##### MATERIAL FOR THE TASK

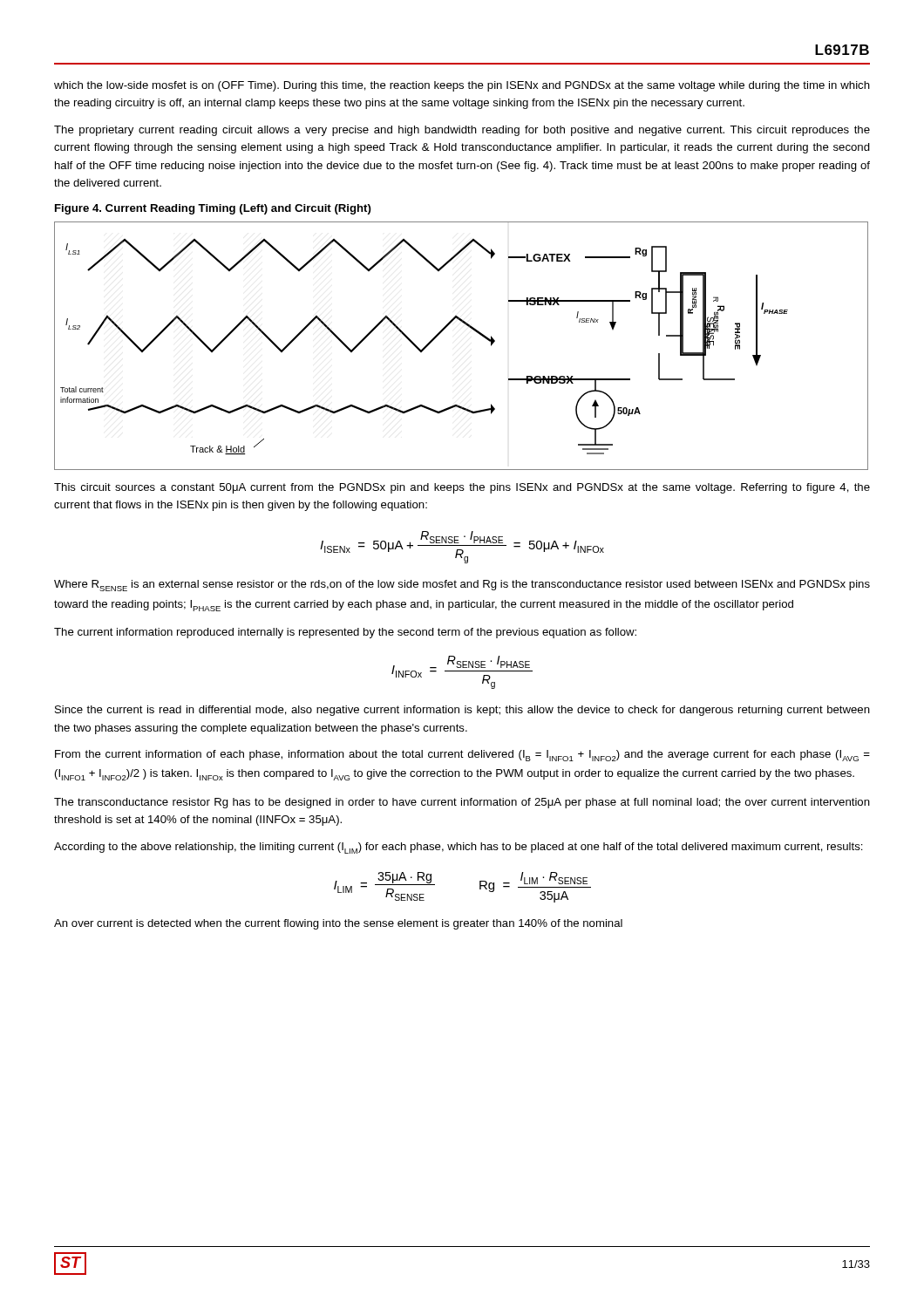Navigate to the region starting "IISENx = 50μA + RSENSE ·"
Screen dimensions: 1308x924
tap(462, 546)
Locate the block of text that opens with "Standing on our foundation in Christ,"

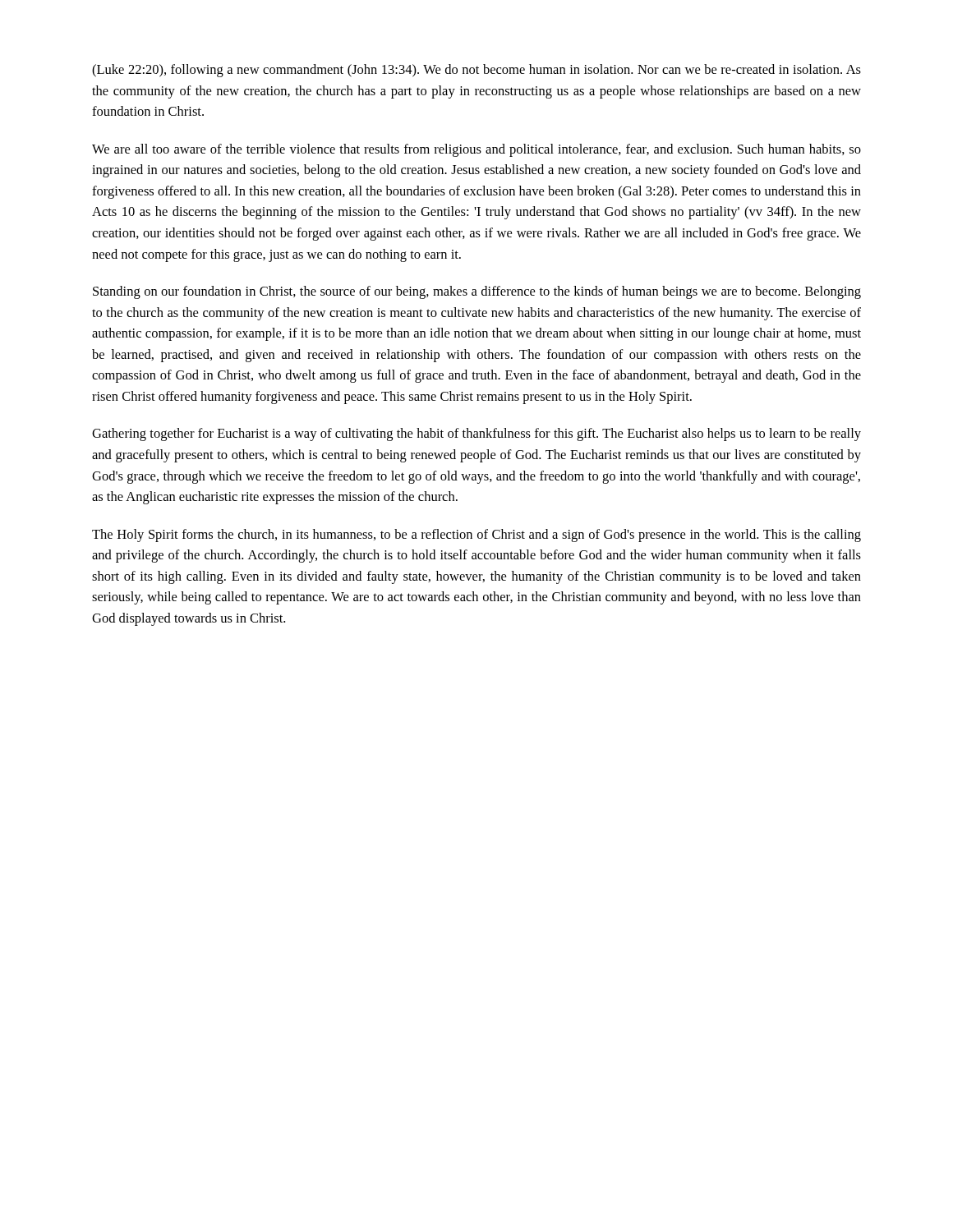click(476, 344)

##########

WHAT IS REQUIRED:
Begin with the line containing "Locate the block", stop at the last line of the records above, and copy every line in between exactly, both ends included, with no pictures.

RESULT OF THIS TASK:
Locate the block of text that opens with "Standing on our foundation in Christ,"

click(476, 344)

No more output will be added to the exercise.